Thank you, Mr. Chair.
Thank you both for coming.
Lieutenant-General Beare, you talked about the homeless. I'm a recovering ER physician. I did that for 17 years before going into politics. My job was in the inner city of Winnipeg.
Many of our patients were homeless, and that was where most of them got all of their medical care. We were the family doctors for a large number of homeless people. We were not officially their family doctors, but it was the only care they got. We were aware of all the issues that bring about homelessness, with 60% of them being rooted in mental health.
We had a lot of interplay with the agencies. There's the Salvation Army, and one in Winnipeg called the Main Street Project. We said that without those things, we would have had to have triple-level bunk beds in our department.
There was one thing that never came up in my experience, because we hadn't really been trained for it, and there was no infrastructure or knowledge base to direct us this way as physicians. We had had no training to recognize whether any of these people were veterans or involved with the military. Again, because they got all their care there, that would be somewhere in their charts in the hospital.
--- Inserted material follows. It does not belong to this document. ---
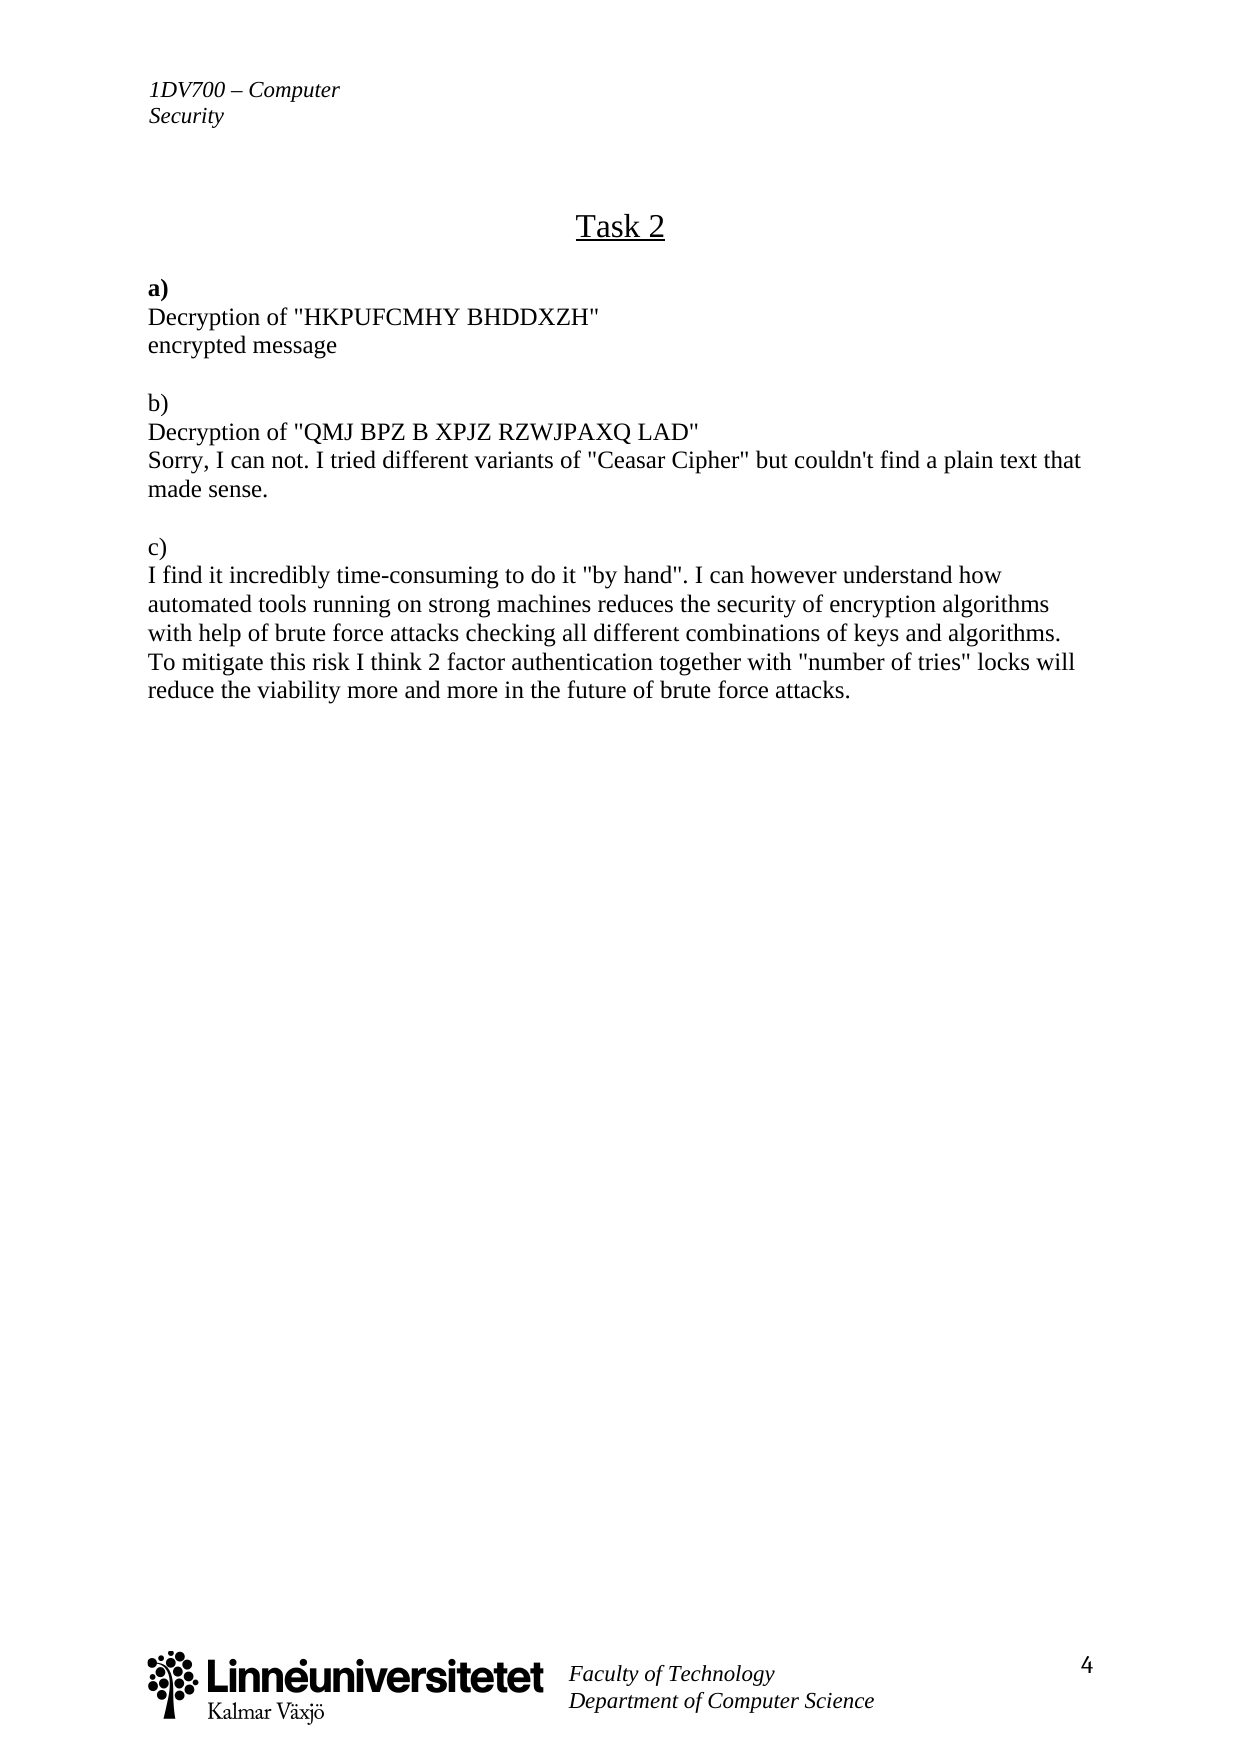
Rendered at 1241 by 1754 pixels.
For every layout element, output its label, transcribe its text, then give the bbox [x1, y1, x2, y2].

Has there been any outreach to the medical system for training at the medical school level, and to putting this issue on the radar of emergency departments? All of the homeless eventually end up there. It can often be a good entry point. We use the emergency department to enter people into all sorts of programs, whether it's for substance abuse or psychiatric care. If we could get these people immediately on the radar of Veterans Affairs and all the groups that veterans can help, it might be able to help.
I think of the vast untapped resources. Has there been any consideration or any move to adding the primary medical system into this?